Tuesday, October 29, 2013

the revolt in revolution

I do not like revolution, not really. I am not a fanatic at the fringe just waiting for the Revelations to occur and the fire to fall from the heavens. I do not want to race about hacking things off or, god forbid, raping anything that I can shove my penis into. No. I am particular where I guide my penis into. It is a smart penis, I mean this in the trademarked sense; comparable to the guided missiles are often ballyhooed can sent through a window. This is, apparently, a testament to its accuracy. I tell you, my penis is more accurate than that and doesn’t get half the press. I digress.

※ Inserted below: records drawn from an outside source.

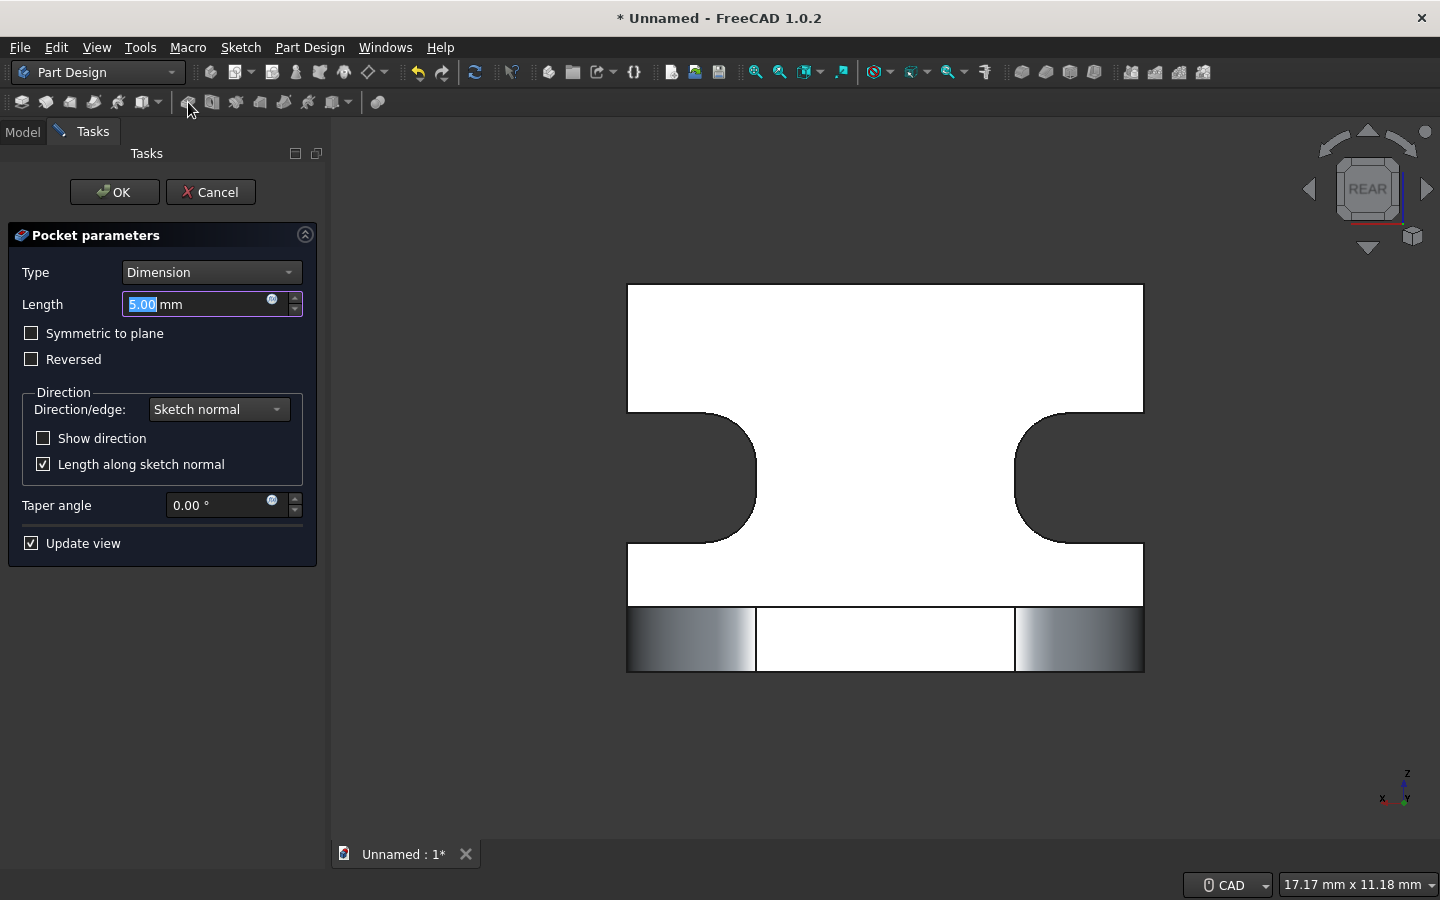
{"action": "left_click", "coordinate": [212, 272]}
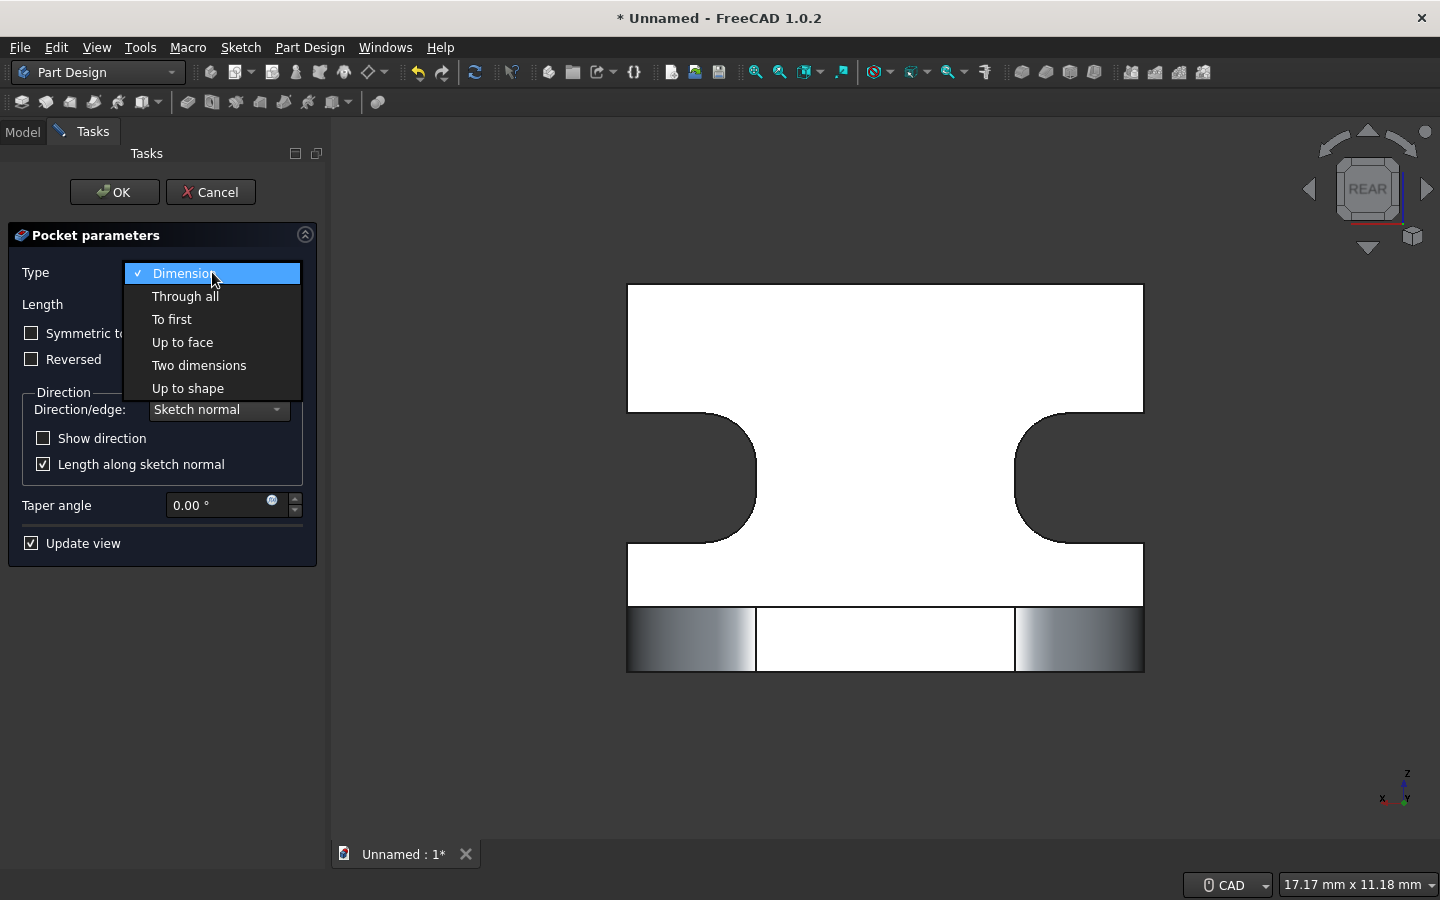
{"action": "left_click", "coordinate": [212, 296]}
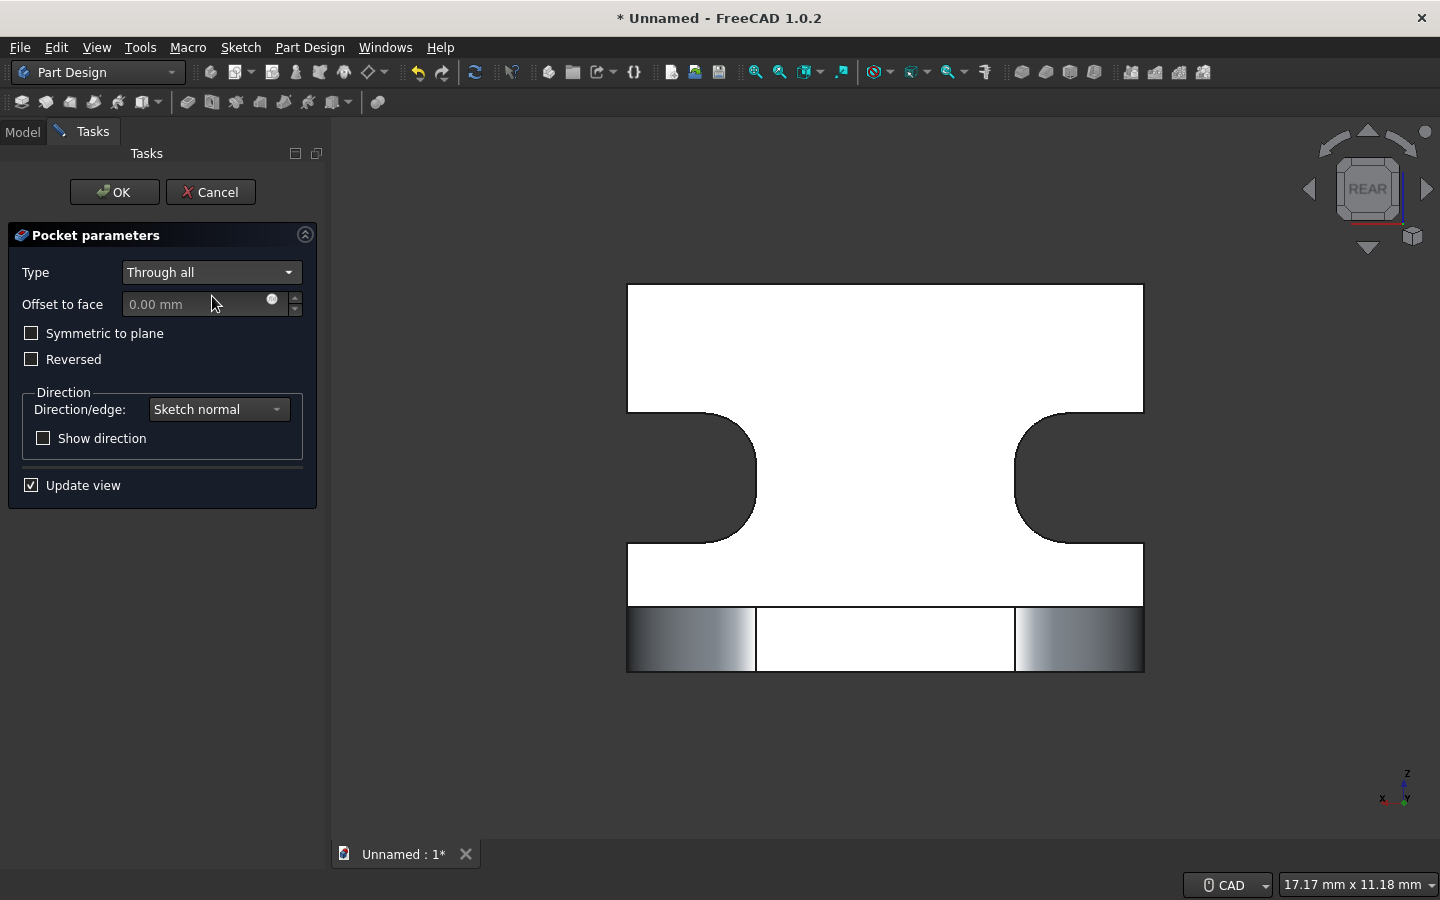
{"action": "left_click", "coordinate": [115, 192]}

When I think of the glee, that some write about, about the devolvement of the individual, mostly men, into are worst energies. A sort of gelatinous goo of reified testosterone and bad parenting. I am puzzled. Oh, I have felt this a time or two, mostly when I was salting slugs or blasting bugs under a rock with pilfered Black Cat firecrackers. I see that glee. But if I look at it, it is only the glee of a particularly cruel child that I believe all of us have been once or twice or thrice in our lives. Some of us continue to be one, or to live off of this particular energy, but most of us, I believe, move on to some other form of melancholy.

What one is left with if they believe that humans will act this way is the belief that one does not act accordingly in high stress or chaotic environments. In my experience people become more themselves when they are in a chaotic environment, it is a magnifying experience. They do not become other than themselves but more themselves. Our systems in place, and large portions if not entirely luck, have made it so that this magnification of our beings is necessary but muted. The coward at our job is cowardly in a small, silly way, the sadist is sadistic in similar ways. Oh it can be in larger ways when one garners more power, but individually one cannot sway enough to do it in a large scale. One needs a idealogy and willing acolytes to do this. But the individual, Stalin etc., by his bare hands could not engage this cruelty larger than his finite animated corpse could touch.

This coward or sadist when the environment collapses the system then magnifies their personalities, or at least, from my experience and what I have read, this becomes the case. The coward is Coward, the sadist, the Sadist. However, in my experience most people are more neutral than that, a long swatch of neutral. Not that they haven’t chosen a side but the very act of not choosing becomes a side. A monumental blandness. This again does not mean that they cannot be ‘fun’ or even say a witty thing or two. My goodness, just look what goes for politicians-you haven’t met a more witty bunch of folks who can party like no tomorrow.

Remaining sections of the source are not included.